Why Logging Isn’t the Solution to BC’s Wildfire Crisis

Older trees aren’t to blame for BC’s increasingly fiery summers, the science shows.

Ben Parfitt 14 Apr 2026The Tyee

Ben Parfitt is a reporter at The Tyee covering forestry and related issues.

It didn’t take long for the smoke to clear following 2017’s horrendous wildfires for the British Columbia government to respond with a plan to log more forests and plant more trees.

The scale of what had just happened exceeded anything on record. Fires burned more than 12,000 square kilometres of the province’s forests and grasslands. No wildfire season over the previous half century had come remotely close.

Yet, it would take just one more year for a new record to be set.

In its 2017 post-fire response plan, B.C.’s Ministry of Forests promised to replant the forests that had burned.

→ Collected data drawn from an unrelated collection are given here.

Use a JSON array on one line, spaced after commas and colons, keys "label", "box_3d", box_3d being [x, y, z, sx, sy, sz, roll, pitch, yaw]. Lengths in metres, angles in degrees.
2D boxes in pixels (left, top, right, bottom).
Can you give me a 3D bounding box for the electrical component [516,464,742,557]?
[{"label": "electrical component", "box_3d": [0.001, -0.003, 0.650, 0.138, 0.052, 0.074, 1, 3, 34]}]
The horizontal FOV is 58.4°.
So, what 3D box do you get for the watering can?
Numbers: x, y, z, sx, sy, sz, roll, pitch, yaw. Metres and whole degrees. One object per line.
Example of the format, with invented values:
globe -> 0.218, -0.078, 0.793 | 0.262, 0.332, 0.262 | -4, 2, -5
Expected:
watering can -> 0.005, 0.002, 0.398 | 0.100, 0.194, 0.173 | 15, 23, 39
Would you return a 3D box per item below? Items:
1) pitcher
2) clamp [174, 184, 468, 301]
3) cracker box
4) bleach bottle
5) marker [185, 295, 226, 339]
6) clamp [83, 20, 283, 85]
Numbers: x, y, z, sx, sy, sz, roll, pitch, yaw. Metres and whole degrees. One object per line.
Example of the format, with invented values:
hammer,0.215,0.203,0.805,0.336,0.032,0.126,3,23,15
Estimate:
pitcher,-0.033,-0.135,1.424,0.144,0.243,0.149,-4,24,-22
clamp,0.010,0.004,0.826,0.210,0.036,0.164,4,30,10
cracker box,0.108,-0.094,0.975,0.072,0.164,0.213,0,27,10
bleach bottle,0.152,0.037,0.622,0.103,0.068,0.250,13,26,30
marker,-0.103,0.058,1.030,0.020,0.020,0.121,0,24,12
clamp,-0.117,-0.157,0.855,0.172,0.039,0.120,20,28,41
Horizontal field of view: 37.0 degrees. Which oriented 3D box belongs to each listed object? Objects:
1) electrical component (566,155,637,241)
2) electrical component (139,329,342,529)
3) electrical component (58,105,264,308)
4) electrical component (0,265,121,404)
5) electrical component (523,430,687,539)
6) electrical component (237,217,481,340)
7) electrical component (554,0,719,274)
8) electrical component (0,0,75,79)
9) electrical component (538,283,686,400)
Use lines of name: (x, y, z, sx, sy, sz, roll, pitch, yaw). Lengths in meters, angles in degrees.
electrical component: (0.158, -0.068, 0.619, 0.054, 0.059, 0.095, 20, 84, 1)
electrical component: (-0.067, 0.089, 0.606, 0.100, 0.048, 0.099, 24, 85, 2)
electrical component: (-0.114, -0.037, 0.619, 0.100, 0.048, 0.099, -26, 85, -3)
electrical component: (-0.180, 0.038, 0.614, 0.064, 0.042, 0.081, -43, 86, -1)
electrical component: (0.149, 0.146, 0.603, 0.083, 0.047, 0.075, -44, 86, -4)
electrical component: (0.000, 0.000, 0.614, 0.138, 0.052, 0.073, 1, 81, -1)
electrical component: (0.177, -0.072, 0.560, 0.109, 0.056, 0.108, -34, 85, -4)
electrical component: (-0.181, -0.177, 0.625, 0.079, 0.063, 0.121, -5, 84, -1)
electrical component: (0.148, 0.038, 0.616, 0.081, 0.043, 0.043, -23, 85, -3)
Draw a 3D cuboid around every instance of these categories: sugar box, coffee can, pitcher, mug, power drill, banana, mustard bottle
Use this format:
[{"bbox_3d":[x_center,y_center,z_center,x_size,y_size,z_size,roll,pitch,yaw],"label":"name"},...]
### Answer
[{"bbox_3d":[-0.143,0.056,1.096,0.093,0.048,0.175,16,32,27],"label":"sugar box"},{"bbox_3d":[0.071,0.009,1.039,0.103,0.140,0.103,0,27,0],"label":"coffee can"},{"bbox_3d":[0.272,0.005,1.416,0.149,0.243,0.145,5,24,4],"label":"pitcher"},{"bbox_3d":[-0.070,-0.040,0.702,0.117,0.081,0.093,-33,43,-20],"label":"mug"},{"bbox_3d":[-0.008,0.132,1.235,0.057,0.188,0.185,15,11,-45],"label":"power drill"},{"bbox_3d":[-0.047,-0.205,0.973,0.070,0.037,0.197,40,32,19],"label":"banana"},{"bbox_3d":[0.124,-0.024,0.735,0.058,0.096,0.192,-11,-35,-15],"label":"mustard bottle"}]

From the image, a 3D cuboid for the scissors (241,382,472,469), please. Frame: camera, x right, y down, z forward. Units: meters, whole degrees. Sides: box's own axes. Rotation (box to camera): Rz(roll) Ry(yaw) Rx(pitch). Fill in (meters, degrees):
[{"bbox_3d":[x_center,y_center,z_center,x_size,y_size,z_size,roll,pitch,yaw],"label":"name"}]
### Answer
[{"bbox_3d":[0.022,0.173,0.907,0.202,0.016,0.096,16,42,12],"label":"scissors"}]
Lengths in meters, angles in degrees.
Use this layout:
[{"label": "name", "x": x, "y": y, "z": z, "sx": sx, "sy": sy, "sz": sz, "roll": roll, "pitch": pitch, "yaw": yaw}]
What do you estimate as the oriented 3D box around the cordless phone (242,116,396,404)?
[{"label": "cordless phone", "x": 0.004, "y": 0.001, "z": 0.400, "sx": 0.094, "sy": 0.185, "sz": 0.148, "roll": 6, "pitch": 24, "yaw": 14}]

“Reforestation will play a large role in not just ensuring the replacement of burned forests but also in the opportunity to contribute to future carbon sequestration,” the plan declared.

But a look at what actually burned in the worst fires of 2017 suggests that aggressive logging and “reforestation” — essentially just tree-planting — sets the stage for even more frequent wildfires to come.

The three largest wildfires of 2017 were the Plateau fire west of Quesnel, the Hanceville-Riske Creek fire west of Williams Lake and the Elephant Hill fire south of 100 Mile House.

All of those massive fires tore across lands where extensive logging and tree-planting had previously occurred. Colour-coded maps accompanying the ministry’s report showed many of the burned trees were under 60 years of age.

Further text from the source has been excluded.